(Data records)
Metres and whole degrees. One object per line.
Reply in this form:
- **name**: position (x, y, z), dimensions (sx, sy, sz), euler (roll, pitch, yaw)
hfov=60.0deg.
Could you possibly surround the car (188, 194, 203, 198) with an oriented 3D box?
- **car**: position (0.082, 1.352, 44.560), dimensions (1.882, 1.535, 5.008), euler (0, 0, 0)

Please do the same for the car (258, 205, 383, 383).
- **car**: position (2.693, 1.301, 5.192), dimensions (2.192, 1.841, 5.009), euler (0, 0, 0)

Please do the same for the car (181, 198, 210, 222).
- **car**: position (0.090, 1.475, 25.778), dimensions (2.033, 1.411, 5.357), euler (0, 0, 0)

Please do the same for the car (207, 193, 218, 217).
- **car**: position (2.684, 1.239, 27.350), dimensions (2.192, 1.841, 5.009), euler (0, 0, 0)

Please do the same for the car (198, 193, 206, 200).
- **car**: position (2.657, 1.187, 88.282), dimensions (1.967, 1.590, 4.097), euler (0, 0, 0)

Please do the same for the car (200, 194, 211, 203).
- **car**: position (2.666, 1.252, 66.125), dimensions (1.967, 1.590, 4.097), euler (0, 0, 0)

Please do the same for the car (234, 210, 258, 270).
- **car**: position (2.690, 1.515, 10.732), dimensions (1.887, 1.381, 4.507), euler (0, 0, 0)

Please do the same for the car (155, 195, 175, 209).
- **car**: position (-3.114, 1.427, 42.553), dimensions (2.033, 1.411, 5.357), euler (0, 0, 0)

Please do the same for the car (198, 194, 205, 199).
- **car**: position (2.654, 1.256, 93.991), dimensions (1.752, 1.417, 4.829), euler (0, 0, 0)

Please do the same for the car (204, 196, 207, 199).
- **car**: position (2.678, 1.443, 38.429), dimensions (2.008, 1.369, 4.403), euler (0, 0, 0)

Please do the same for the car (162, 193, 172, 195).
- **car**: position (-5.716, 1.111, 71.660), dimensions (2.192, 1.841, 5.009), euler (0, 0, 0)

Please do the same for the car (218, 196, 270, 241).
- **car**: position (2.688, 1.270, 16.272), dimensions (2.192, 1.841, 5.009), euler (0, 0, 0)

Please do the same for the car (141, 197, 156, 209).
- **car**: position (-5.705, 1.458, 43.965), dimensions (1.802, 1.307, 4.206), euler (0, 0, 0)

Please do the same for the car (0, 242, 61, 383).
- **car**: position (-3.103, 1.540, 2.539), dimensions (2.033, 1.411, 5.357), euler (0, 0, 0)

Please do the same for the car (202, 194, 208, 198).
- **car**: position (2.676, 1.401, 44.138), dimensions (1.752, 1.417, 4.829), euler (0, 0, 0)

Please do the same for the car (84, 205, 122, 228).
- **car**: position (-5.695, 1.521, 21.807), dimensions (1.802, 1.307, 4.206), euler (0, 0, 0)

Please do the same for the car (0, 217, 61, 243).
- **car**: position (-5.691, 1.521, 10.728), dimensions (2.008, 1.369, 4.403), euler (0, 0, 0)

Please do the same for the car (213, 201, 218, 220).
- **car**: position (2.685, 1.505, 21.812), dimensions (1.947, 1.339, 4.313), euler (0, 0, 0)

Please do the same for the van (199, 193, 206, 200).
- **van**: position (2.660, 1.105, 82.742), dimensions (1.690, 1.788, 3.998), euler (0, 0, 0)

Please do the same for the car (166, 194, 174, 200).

### Aim of the exercise
Among the entries above, copy exactly only the lines starting with the one containing "- **name**: position" and going through the one containing "hfov=60.0deg.", both ends included.

### Answer
- **name**: position (x, y, z), dimensions (sx, sy, sz), euler (roll, pitch, yaw)
hfov=60.0deg.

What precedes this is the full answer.